Nonostante il risultato negativo maturato contro la capolista Arezzo, il tecnico del Carpi Stefano Cassani ha voluto sottolineare con forza il valore della prova offerta dai suoi uomini, apparsi tutt'altro che rassegnati di fronte alla prima della classe.

L'analisi dell'allenatore biancorosso parte da una costatazione di fondo: la sua squadra sta producendo un calcio di livello, ma viene punita oltremodo da ogni singola disattenzione, un trend che sta condizionando pesantemente il cammino in campionato.

«Abbiamo fatto una grandissima partita, abbiamo avuto magari primi minuti un attimo di assestamento perché comunque loro sono partiti forte, hanno tanta qualità e sapevamo che si dovesse soffrire» ha esordito Cassani nel post-partita.

Il rammarico più grande risiede nella dinamica della rete che ha deciso l'incontro, nata ancora una volta da un episodio che il mister non esita a definire come una leggerezza evitabile che è costata carissima.

«Abbiam preso gol su un'altra piccola ingenuità che purtroppo noi ogni minima piccolezza la paghiamo cara al 100%, però ci portiamo a casa un'altra grande prestazione» ha proseguito il tecnico, cercando di guardare il bicchiere mezzo pieno.

La speranza di Cassani è che il volume di gioco espresso possa presto trasformarsi in una rendita concreta in termini di punti, necessari per smuovere una classifica che non rende giustizia agli sforzi profusi dal gruppo.

Un passaggio importante dell'intervista ha riguardato la gestione dei singoli, in particolare quella di Puletto, autore di una gara di spessore ma richiamato in panchina nel finale per evitare complicazioni fisiche.

«Puletto ha fatto una grandissima partita, non meritava di essere sostituito però viene da due partite saltate per problemi muscolari e non possiamo rischiare di perdere un giocatore così importante» ha chiarito l'allenatore.

La scelta è stata dettata anche dal calendario fitto che impone un nuovo impegno a stretto giro di posta, rendendo necessaria una gestione oculata delle energie e dell'integrità dei calciatori più rappresentativi.

«L'ho sostituito gli ultimi minuti perché tra due giorni giochiamo e non potevamo rischiarlo. Nelle ultime due partite tra Ravenna e Arezzo faccio fatica a pensare che abbiamo fatto zero punti» ha confessato amaramente.

Sulla stessa linea si è mossa l'esclusione di Giani, un altro elemento prezioso che lo staff tecnico ha preferito tutelare dopo gli impegni ravvicinati e le condizioni proibitive affrontate nella precedente trasferta.

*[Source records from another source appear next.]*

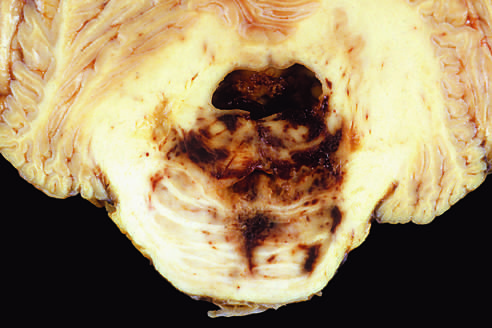what leads to hemorrhage?
Answer the question using a single word or phrase. Disruption of the vessels that enter the pons along the midline 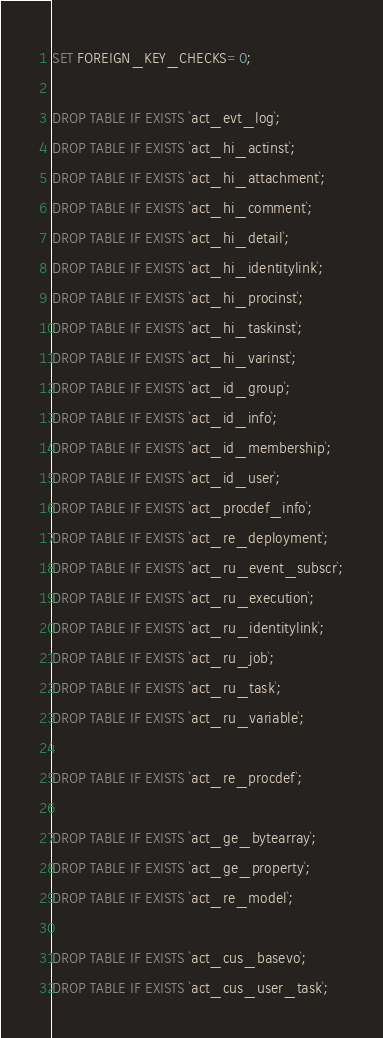<code> <loc_0><loc_0><loc_500><loc_500><_SQL_>
SET FOREIGN_KEY_CHECKS=0;

DROP TABLE IF EXISTS `act_evt_log`;
DROP TABLE IF EXISTS `act_hi_actinst`;
DROP TABLE IF EXISTS `act_hi_attachment`;
DROP TABLE IF EXISTS `act_hi_comment`;
DROP TABLE IF EXISTS `act_hi_detail`;
DROP TABLE IF EXISTS `act_hi_identitylink`;
DROP TABLE IF EXISTS `act_hi_procinst`;
DROP TABLE IF EXISTS `act_hi_taskinst`;
DROP TABLE IF EXISTS `act_hi_varinst`;
DROP TABLE IF EXISTS `act_id_group`;
DROP TABLE IF EXISTS `act_id_info`;
DROP TABLE IF EXISTS `act_id_membership`;
DROP TABLE IF EXISTS `act_id_user`;
DROP TABLE IF EXISTS `act_procdef_info`;
DROP TABLE IF EXISTS `act_re_deployment`;
DROP TABLE IF EXISTS `act_ru_event_subscr`;
DROP TABLE IF EXISTS `act_ru_execution`;
DROP TABLE IF EXISTS `act_ru_identitylink`;
DROP TABLE IF EXISTS `act_ru_job`;
DROP TABLE IF EXISTS `act_ru_task`;
DROP TABLE IF EXISTS `act_ru_variable`;

DROP TABLE IF EXISTS `act_re_procdef`;

DROP TABLE IF EXISTS `act_ge_bytearray`;
DROP TABLE IF EXISTS `act_ge_property`;
DROP TABLE IF EXISTS `act_re_model`;

DROP TABLE IF EXISTS `act_cus_basevo`;
DROP TABLE IF EXISTS `act_cus_user_task`;
</code> 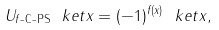<formula> <loc_0><loc_0><loc_500><loc_500>U _ { \text {$f$-C-PS} } \ k e t { x } = ( - 1 ) ^ { f ( x ) } \ k e t { x } ,</formula> 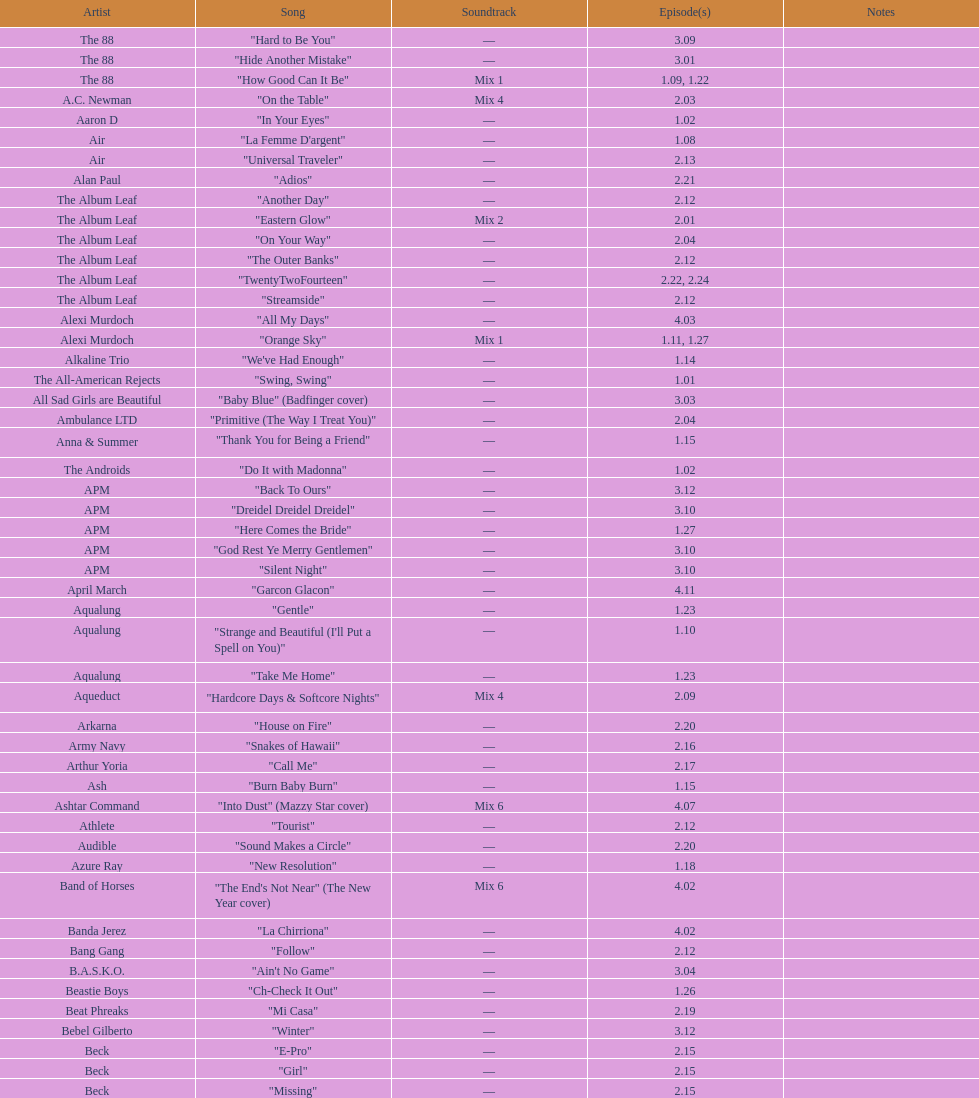How many consecutive songs were by the album leaf? 6. 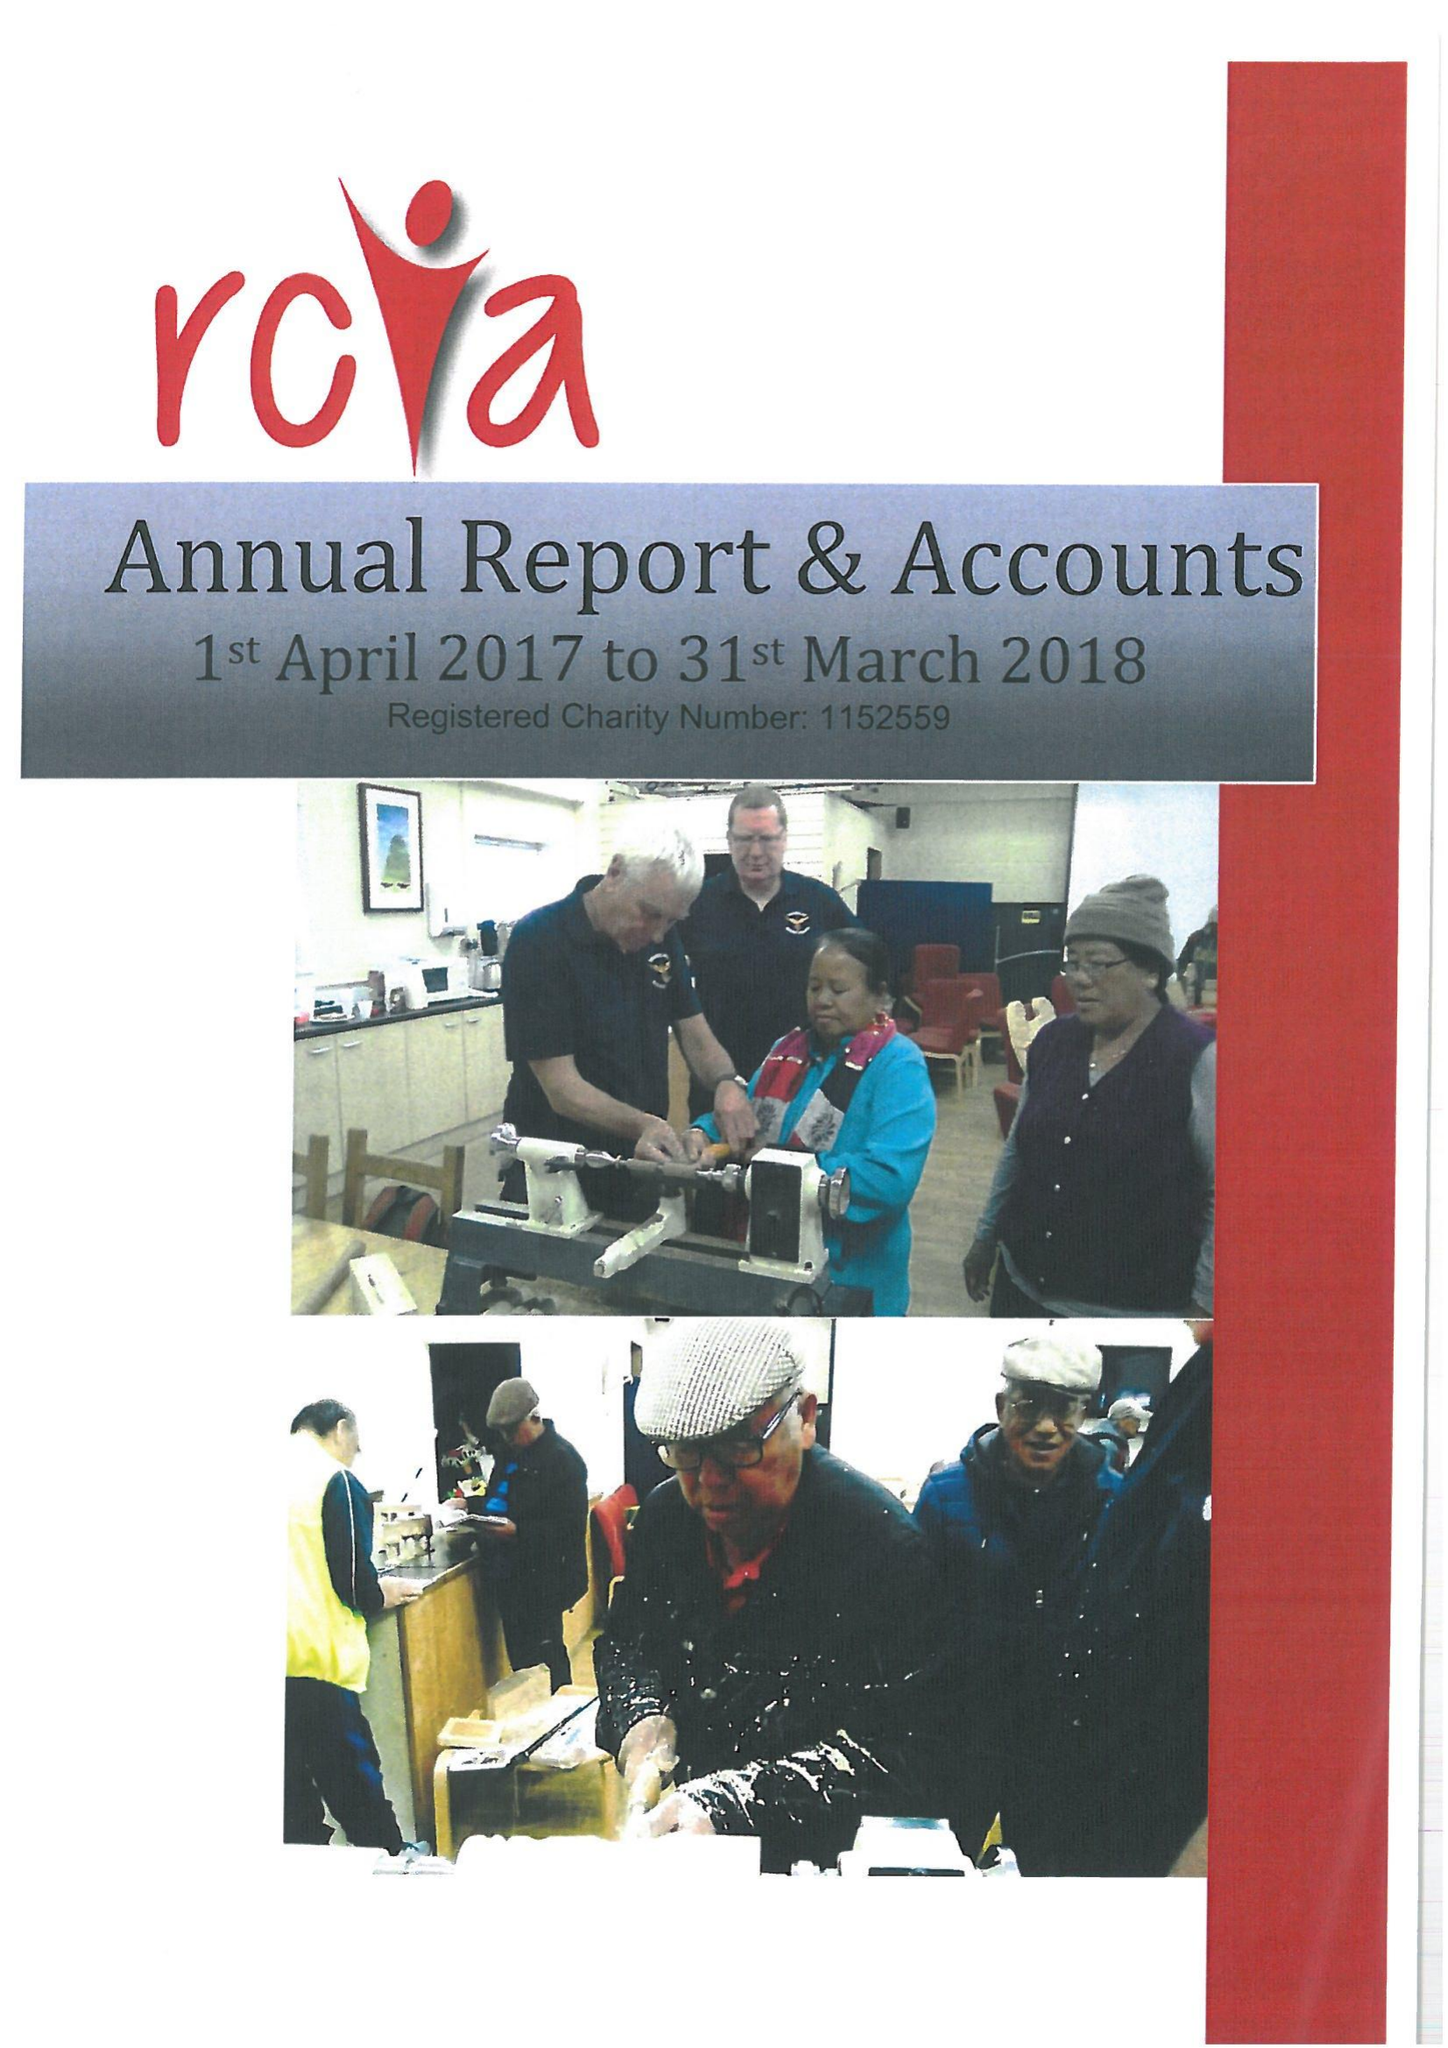What is the value for the address__post_town?
Answer the question using a single word or phrase. CATTERICK GARRISON

«Giani non ha giocato perché lamentava fastidi muscolari. Non era titolare da un anno e si è ritrovato a fare novanta minuti nelle sabbie mobili di Ravenna sabato scorso, quindi andava gestito» ha spiegato Cassani.

L'allenatore ha voluto smentire categoricamente qualsiasi ipotesi di calo emotivo o di mancanza di cattiveria agonistica, portando come prova l'assedio finale che ha visto il Carpi chiudere l'Arezzo nella propria area.

«Se non ci fosse stato entusiasmo e determinazione non chiudevamo il secondo tempo nella loro metà campo. La voglia la vedo, è ovvio però che non stiamo riuscendo a concludere l'azione» ha analizzato con lucidità.

La sfortuna e l'imprecisione sembrano perseguitare i biancorossi, che anche contro la capolista hanno costruito occasioni nitide senza riuscire a trovare la via della rete per una questione di millimetri o di casualità.

«Anche oggi abbiamo avuto delle palle gol nitide, ma per un motivo o per l'altro, tra deviazioni di schiena e pali, la palla non entra» ha concluso Stefano Cassani, ribadendo la fiducia in un gruppo che meriterebbe ben altra sorte.

Il tecnico è convinto che continuando a giocare con questa intensità e limando quelle piccole sbavature difensive, il Carpi potrà presto tornare a festeggiare un risultato positivo che manca ormai da troppo tempo.